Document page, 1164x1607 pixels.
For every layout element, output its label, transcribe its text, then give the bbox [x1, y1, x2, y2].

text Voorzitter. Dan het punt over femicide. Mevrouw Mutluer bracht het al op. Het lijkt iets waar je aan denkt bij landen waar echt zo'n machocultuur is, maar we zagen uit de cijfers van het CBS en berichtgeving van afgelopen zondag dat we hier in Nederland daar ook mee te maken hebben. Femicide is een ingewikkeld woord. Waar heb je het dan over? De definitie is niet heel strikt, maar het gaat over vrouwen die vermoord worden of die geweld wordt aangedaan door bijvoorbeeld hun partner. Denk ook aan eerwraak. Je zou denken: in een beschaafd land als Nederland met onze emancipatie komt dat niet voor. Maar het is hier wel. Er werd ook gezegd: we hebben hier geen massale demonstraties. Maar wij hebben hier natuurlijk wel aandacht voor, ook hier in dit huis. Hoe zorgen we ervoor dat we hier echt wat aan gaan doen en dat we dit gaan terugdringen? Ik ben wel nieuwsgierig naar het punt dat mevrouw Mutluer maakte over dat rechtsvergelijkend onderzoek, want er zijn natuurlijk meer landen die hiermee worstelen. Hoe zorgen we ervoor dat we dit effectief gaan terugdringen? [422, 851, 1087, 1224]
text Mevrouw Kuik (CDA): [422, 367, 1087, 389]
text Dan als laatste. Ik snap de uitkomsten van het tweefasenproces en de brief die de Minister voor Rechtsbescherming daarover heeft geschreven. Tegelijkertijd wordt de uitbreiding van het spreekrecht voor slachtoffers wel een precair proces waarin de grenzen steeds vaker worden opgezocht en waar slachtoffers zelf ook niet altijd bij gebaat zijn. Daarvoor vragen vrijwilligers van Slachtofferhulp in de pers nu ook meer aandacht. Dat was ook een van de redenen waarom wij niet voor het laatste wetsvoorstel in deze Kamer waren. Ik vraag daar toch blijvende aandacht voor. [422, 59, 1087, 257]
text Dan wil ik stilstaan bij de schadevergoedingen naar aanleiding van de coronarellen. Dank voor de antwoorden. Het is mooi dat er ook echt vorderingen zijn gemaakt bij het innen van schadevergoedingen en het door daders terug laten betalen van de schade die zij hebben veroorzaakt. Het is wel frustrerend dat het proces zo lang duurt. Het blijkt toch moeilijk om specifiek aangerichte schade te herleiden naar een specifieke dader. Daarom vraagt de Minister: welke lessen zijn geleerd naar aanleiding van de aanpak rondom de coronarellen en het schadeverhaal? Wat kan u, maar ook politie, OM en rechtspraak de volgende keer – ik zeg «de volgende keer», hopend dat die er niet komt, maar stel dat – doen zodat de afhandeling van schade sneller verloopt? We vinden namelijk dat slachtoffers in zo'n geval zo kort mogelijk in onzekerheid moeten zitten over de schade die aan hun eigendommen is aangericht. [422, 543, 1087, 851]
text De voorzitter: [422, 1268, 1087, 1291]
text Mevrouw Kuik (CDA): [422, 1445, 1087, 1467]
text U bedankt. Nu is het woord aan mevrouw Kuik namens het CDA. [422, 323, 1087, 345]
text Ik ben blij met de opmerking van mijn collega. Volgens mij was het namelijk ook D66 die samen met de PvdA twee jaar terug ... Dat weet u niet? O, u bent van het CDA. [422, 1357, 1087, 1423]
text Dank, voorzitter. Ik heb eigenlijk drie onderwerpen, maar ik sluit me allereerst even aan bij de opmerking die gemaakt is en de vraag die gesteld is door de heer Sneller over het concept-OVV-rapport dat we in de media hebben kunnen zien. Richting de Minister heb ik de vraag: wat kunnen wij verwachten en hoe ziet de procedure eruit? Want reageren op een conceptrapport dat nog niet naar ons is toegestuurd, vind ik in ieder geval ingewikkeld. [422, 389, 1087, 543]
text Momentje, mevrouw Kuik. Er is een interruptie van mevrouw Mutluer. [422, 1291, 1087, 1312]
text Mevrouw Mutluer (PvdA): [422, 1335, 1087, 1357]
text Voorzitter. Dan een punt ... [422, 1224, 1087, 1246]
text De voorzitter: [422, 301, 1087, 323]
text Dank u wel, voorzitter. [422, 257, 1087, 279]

**********

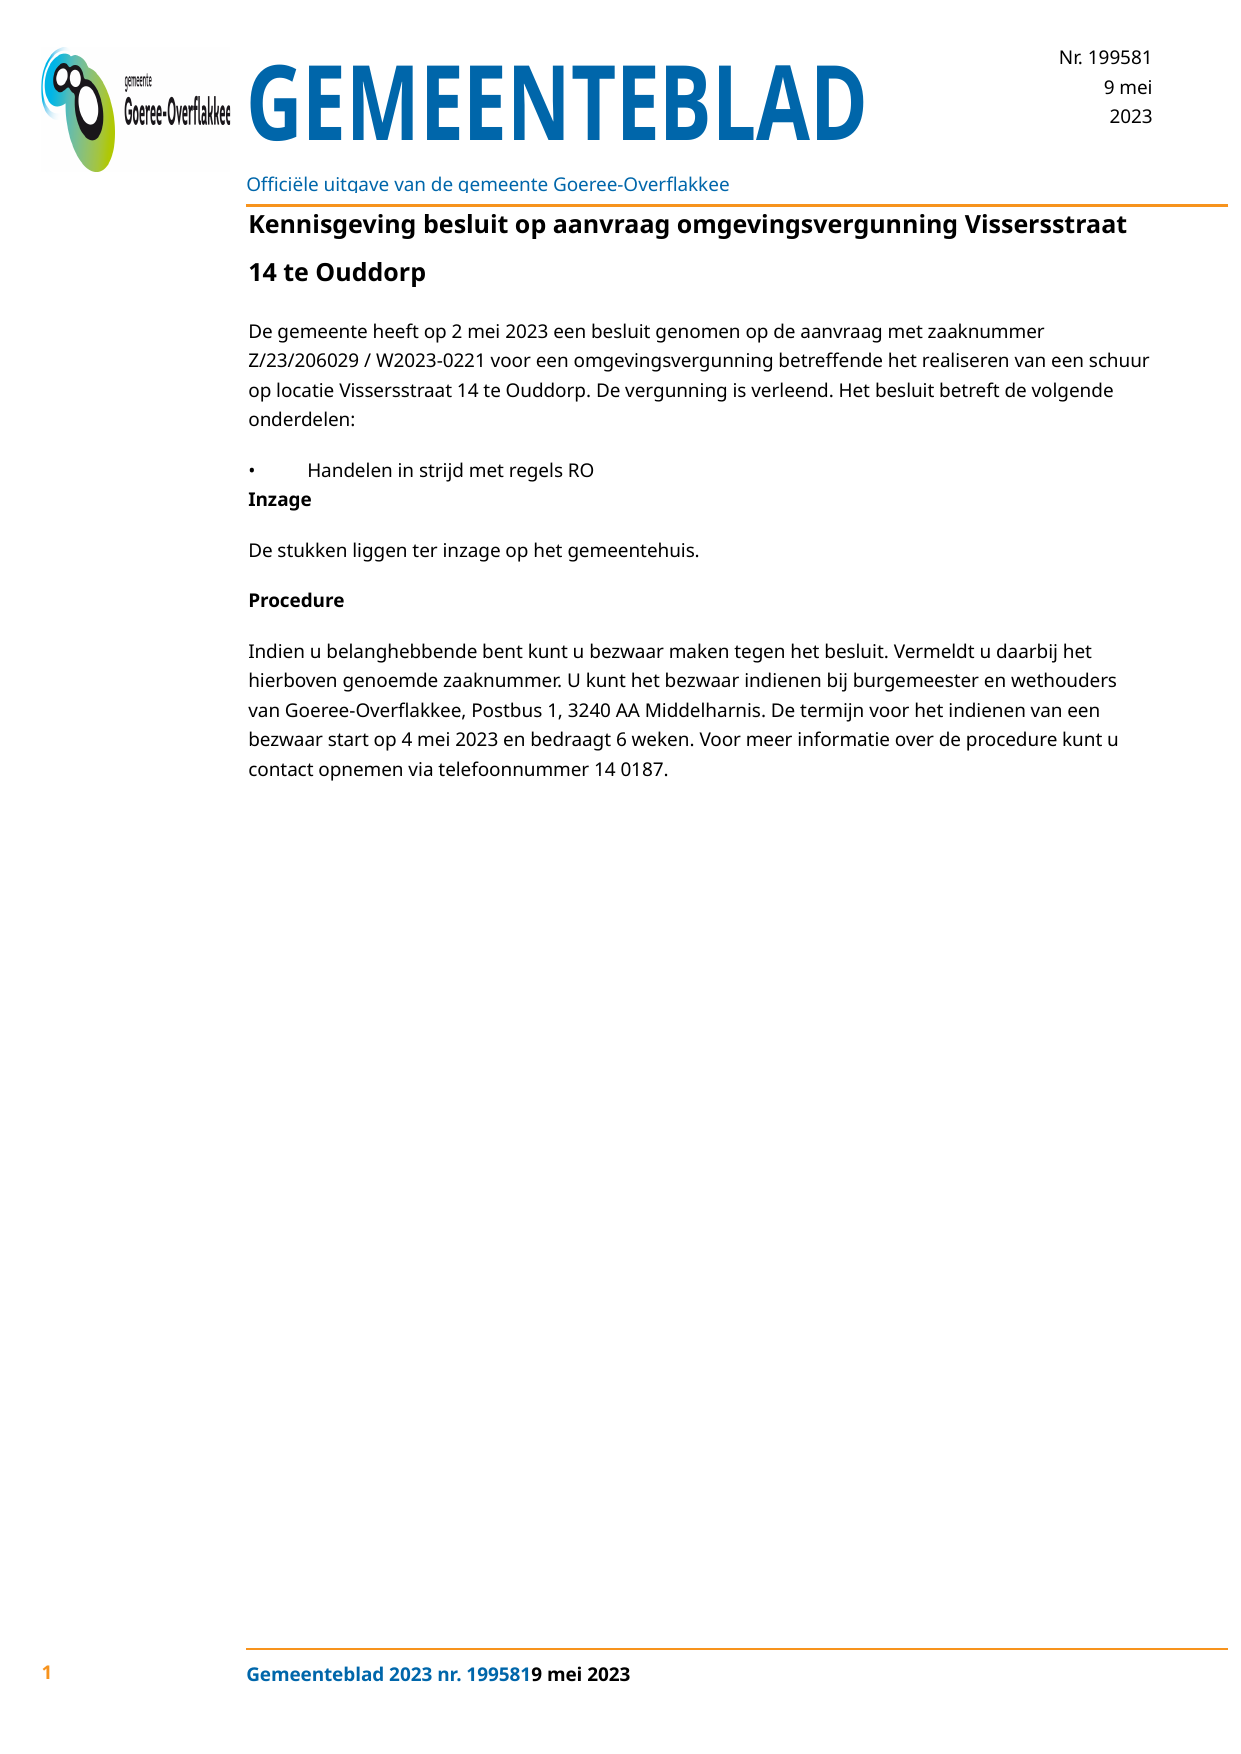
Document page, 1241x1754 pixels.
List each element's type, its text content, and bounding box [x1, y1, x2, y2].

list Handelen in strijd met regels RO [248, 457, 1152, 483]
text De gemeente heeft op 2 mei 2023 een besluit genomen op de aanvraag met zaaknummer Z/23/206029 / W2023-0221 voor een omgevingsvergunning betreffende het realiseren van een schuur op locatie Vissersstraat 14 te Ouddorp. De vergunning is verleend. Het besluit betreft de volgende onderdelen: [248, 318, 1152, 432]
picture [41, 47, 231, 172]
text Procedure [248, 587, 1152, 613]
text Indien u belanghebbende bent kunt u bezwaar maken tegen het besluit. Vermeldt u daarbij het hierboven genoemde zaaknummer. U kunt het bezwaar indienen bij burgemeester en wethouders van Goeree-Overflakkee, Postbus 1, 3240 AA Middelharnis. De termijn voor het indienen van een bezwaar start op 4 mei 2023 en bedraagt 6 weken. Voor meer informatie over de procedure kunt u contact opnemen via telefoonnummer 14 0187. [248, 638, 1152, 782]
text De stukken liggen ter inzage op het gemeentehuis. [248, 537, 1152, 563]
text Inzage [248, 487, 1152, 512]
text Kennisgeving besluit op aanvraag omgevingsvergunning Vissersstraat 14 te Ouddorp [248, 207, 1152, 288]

**********

Requirement: Taking the listing above as the source, transcribe only the lines starting at the line with "text Dan als" and going through the line with "text Mevrouw Kuik (CDA): [422, 1445, 1087, 1467]", unaltered and with both ends included.

Reply to the exercise:
text Dan als laatste. Ik snap de uitkomsten van het tweefasenproces en de brief die de Minister voor Rechtsbescherming daarover heeft geschreven. Tegelijkertijd wordt de uitbreiding van het spreekrecht voor slachtoffers wel een precair proces waarin de grenzen steeds vaker worden opgezocht en waar slachtoffers zelf ook niet altijd bij gebaat zijn. Daarvoor vragen vrijwilligers van Slachtofferhulp in de pers nu ook meer aandacht. Dat was ook een van de redenen waarom wij niet voor het laatste wetsvoorstel in deze Kamer waren. Ik vraag daar toch blijvende aandacht voor. [422, 59, 1087, 257]
text Dan wil ik stilstaan bij de schadevergoedingen naar aanleiding van de coronarellen. Dank voor de antwoorden. Het is mooi dat er ook echt vorderingen zijn gemaakt bij het innen van schadevergoedingen en het door daders terug laten betalen van de schade die zij hebben veroorzaakt. Het is wel frustrerend dat het proces zo lang duurt. Het blijkt toch moeilijk om specifiek aangerichte schade te herleiden naar een specifieke dader. Daarom vraagt de Minister: welke lessen zijn geleerd naar aanleiding van de aanpak rondom de coronarellen en het schadeverhaal? Wat kan u, maar ook politie, OM en rechtspraak de volgende keer – ik zeg «de volgende keer», hopend dat die er niet komt, maar stel dat – doen zodat de afhandeling van schade sneller verloopt? We vinden namelijk dat slachtoffers in zo'n geval zo kort mogelijk in onzekerheid moeten zitten over de schade die aan hun eigendommen is aangericht. [422, 543, 1087, 851]
text De voorzitter: [422, 1268, 1087, 1291]
text Mevrouw Kuik (CDA): [422, 1445, 1087, 1467]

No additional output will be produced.